Humans translate into conscious thought and decisions the impulses that are common to most mammals: sex, food, parenting... We view these thoughts and decisions as being the products of our own volitional thought processes (and in some ways they actually are), but we often arrive at the same decisions an animal would make. Procreate with the most viable mate we can find, eat the tastiest food, do what we can to make sure our offspring make it to adulthood.
When we see animals making such "decisions" and taking actions like caring for their offspring, we say to ourselves, "aw, how cute, the mommy wants her baby to be strong and happy someday, just like what we want for our children." But it's not that the animal is similar to a human; it's that the human is actually still an animal.
"Dad, what do you think about all the time?

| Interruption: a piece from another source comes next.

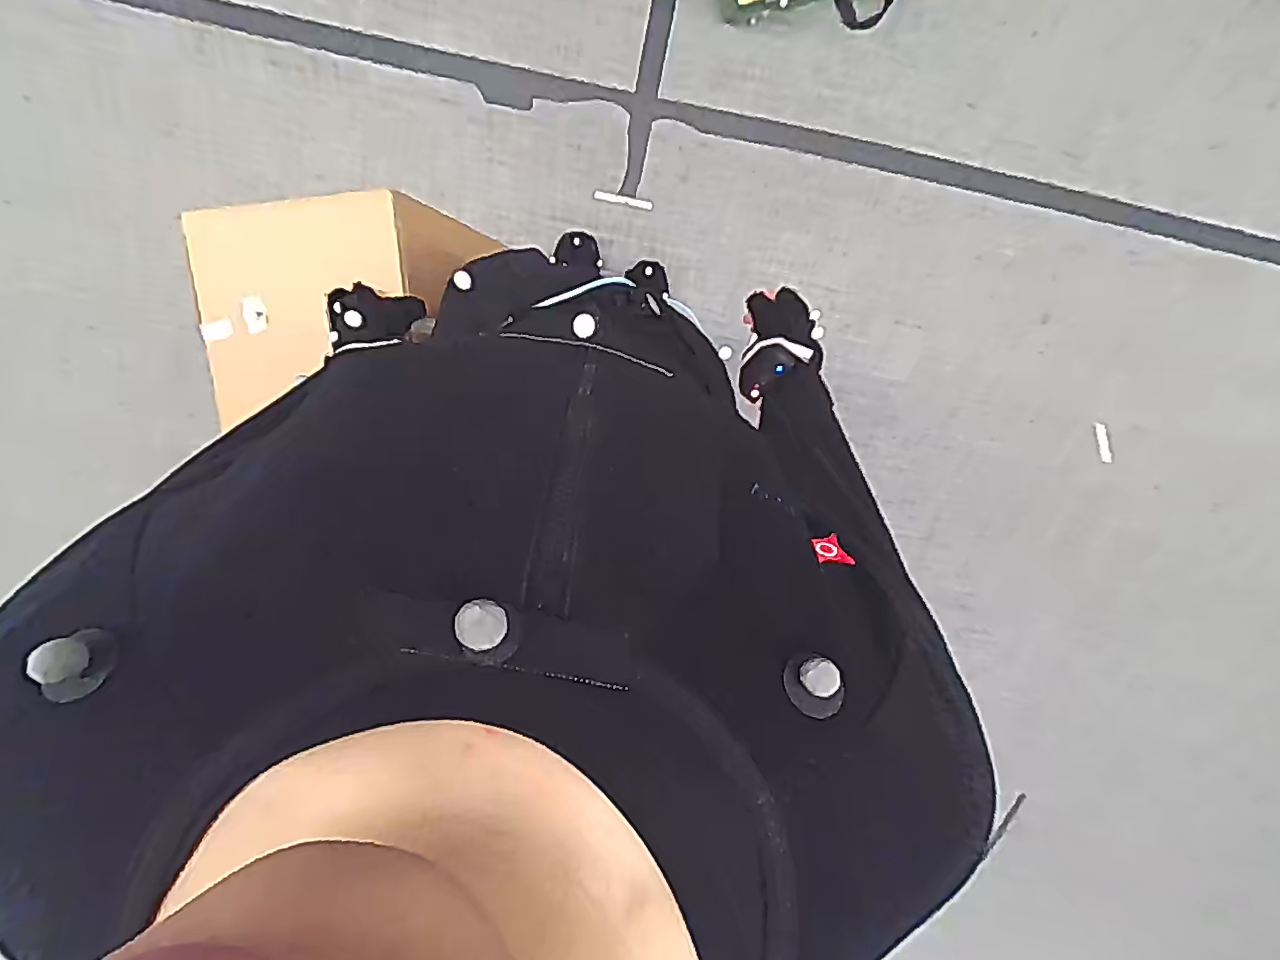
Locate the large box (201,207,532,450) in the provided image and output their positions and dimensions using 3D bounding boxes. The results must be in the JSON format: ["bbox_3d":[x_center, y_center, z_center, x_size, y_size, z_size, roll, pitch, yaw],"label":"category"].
[{"bbox_3d":[-0.403,-0.235,0.907,0.320,0.408,0.320,3,102,9],"label":"large box"}]

You're always thinking all the time."
"Ohh, all kinds of things."
"What about?"
"Oh, about the rain, and about troubles that can happen, and about things in general."
"What things?"
"Oh, about what it's going to be like for you when you grow up."
"What's it going to be like?"
"I don't know. It's just what I think about."
Animals mindlessly eat and hunt and have sex and run away from predators and protect their young. The only reason why evolution made it so that we eat and hunt and have sex and run away from predators and protect our young is because our genome wants us to create another copy of it that will do the same. And that fact doesn't make our lives sad or any less meaningless; it is what creates the context for us to be happy and seek meaning in our existences.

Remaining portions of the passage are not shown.